Regarding the hematological aspect, thrombocytosis was observed, but this was asymptomatic and related to adequate drug response. This was also documented in the study by Iabstrener et al., where thrombocytosis was recorded as a frequent event associated with favorable clinical responses.¹⁷

More than 24 months after the COVID-19 pandemic, and despite the extensive vaccination campaign implemented, the fourth wave of infections has become present, and the prevalence of patients hospitalized for severe COVID-19 continues to rise with the description of new, more contagious, and potentially more lethal variants.

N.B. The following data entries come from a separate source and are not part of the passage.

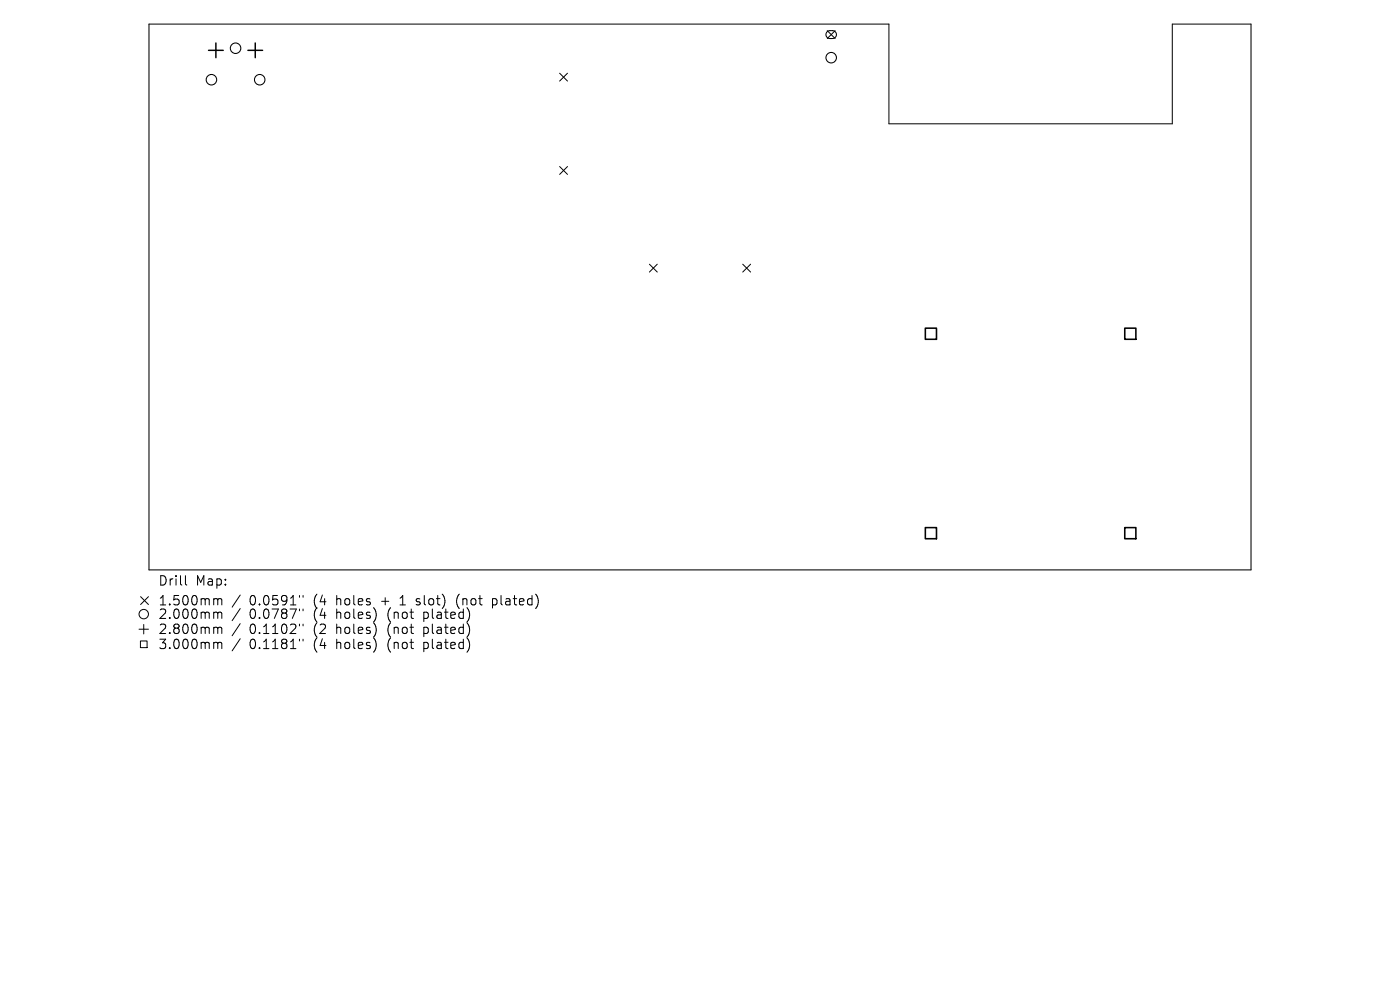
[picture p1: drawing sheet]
<svg xmlns="http://www.w3.org/2000/svg" width="297mm" height="210mm" viewBox="0 0 297 210" stroke-linecap="round" stroke-linejoin="round" font-family="sans-serif">
<defs><g id="words">
<g font-size="2.8">
<text x="33.5" y="124.5">Drill</text>
<text x="41.4" y="124.5">Map:</text>
<text x="33.5" y="128.7">1.500mm</text>
<text x="33.5" y="131.5">2.000mm</text>
<text x="52.7" y="128.7">0.0591&quot;</text>
<text x="52.7" y="131.5">0.0787&quot;</text>
<text x="66.4" y="128.7">(4</text>
<text x="66.4" y="131.5">(4</text>
<text x="71.2" y="128.7">holes</text>
<text x="71.2" y="131.5">holes)</text>
<text x="80.9" y="128.7">+</text>
<text x="82.2" y="131.5">(not</text>
<text x="85" y="128.7">1</text>
<text x="88.5" y="128.7">slot)</text>
<text x="89.9" y="131.5">plated)</text>
<text x="97.1" y="128.7">(not</text>
<text x="104.8" y="128.7">plated)</text>
<text x="33.5" y="134.7">2.800mm</text>
<text x="33.5" y="137.9">3.000mm</text>
<text x="52.7" y="134.7">0.1102&quot;</text>
<text x="52.7" y="137.9">0.1181&quot;</text>
<text x="66.4" y="134.7">(2</text>
<text x="66.4" y="137.9">(4</text>
<text x="71.2" y="134.7">holes)</text>
<text x="71.2" y="137.9">holes)</text>
<text x="82.2" y="134.7">(not</text>
<text x="82.2" y="137.9">(not</text>
<text x="89.9" y="134.7">plated)</text>
<text x="89.9" y="137.9">plated)</text>
</g>
</g></defs>
<g fill="none" stroke="#000" stroke-width=".21">
<path d="M31.6 5.1h157v21.2h60.1v-21.2h16.7M118.7 15.5l1.7 1.7M120.4 15.5l-1.7 1.7M175.5 6.5l1.7 1.7M177.2 6.5l-1.7 1.7M118.7 35.3l1.7 1.7M120.4 35.3l-1.7 1.7M137.8 56l1.6 1.7M139.4 56l-1.6 1.7M157.6 56l1.6 1.7M159.2 56l-1.6 1.7M29.5 133.5h2"/>
<path d="M29.8 136h1.4v1.4h-1.4zM29.8 126.6l1.7 1.6M30.5 132.5v2M31.5 126.6l-1.7 1.6M39.3 122.1v1.7l.3 .3M45.6 127l.5 .1 .1 .2M45.6 129.9l.5 .1 .1 .1M45.6 133.1l.5 .1 .1 .1M45.6 136.3l.5 .1 .1 .1M46.2 127.3l.3-.3 .5 .1 .1 1.2M46.2 127.3v1M46.2 130.1v1.1"/>
<path d="M46.2 133.3v1.1M46.2 136.5v1.1M46.2 130.1l.3-.2 .5 .1 .1 1.2M46.2 133.3l.3-.2 .5 .1 .1 1.2M46.2 136.5l.3-.2 .5 .1 .1 1.2M51 126.2l-1.8 2.6M51 129.1l-1.8 2.6M51 132.3l-1.8 2.6M51 135.5l-1.8 2.6M63.5 126.3v.4M63.5 129.2v.4M63.5 132.4v.4"/>
<path d="M63.5 135.6v.4M64.3 126.3v.4M64.3 129.2v.4M64.3 132.4v.4M64.3 135.6v.4M79.5 129.3l.3 .9-.3 1.4M79.5 132.5l.3 .9-.3 1.4M79.5 135.7l.3 .9-.3 1.4M99.2 132.2a2.35 2.35 0 0 1 0 2.9M99.2 135.4a2.35 2.35 0 0 1 0 2.9M99.5 129.8l.1 .8-.4 1.3M114 126.6l.2 .8-.2 1.1"/>
<circle cx="30.5" cy="130.3" r="1"/>
</g>
<g fill="none" stroke="#000" stroke-width=".22">
<path d="M31.6 5.1v115.8h233.8v-115.8M175.5 6.7l.4-.2h.7a.84 .84 0 0 1 .8 .8 .84 .84 0 0 1-.8 .9h-.5a.83 .83 0 0 1-.8-.5 .83 .83 0 0 1 .2-1z"/>
<circle cx="44.9" cy="16.9" r="1.11"/>
<circle cx="50" cy="10.2" r="1.11"/>
<circle cx="55.1" cy="16.9" r="1.11"/>
<circle cx="176.3" cy="12.2" r="1.11"/>
</g>
<path d="M44.2 10.7h3.2M45.8 9.1v3.1M52.6 10.7h3.1M54.2 9.1v3.1" fill="none" stroke="#000" stroke-width=".31"/>
<path d="M196.3 69.6h2.4v2.4h-2.4zM238.6 69.6h2.4v2.4h-2.4zM196.3 111.9h2.4v2.4h-2.4zM238.6 111.9h2.4v2.4h-2.4z" fill="none" stroke="#000" stroke-width=".33"/>
<use href="#words"/>
</svg>

Thus, the search for useful drugs for managing COVID-19 complications continues to be of great relevance. Currently, the only drug approved by the FDA and the European Union is remdesivir, with limited emergency approvals for monoclonal antibodies against SARS-COV-2, such as bamlanivimab plus etesevimab, casirivimab-imdevimab, and sotrovimab, which have limited accessibility in the real world.^30-32

The FDA authorized molnupiravir as an alternative therapy in nonhospitalized patients with mild to moderate COVID-19 who are at high risk of disease progression when ritonavir-boosted nirmatrelvir (paxlovid) and remdesivir are not available to use.^33,34

This authorization was given due to the MOVe-OUT trial, where high-risk, unvaccinated patients were enrolled, showing a reduction in death or hospitalization by 31% versus placebo. Nevertheless, these results were not replicated in a population after three doses of a COVID-19 vaccine in the PANORAMIC trial.³³

In May 2023, the FDA approved the use of paxlovid (ritonavir-boosted nirmatrelvir) for the treatment of mild to moderate COVID-19 after the results of the EPIC-HR, where this drug showed a reduction in hospitalization rates or death of an 89% versus placebo. However, this drug is only available from Emergency Use Authorization (EUA) supplies in the United States. This scenario motivates the search for easily available and simple-to-administer options.

Although the SARS-COV-2 health emergency has already ended, infections by this virus will continue, as will the processes of cytokine release syndrome in viral pneumonia. Hence, it is relevant to know these types of outcomes. We also consider it pertinent to publish the work carried out in our country within the framework of the COVID-19 pandemic.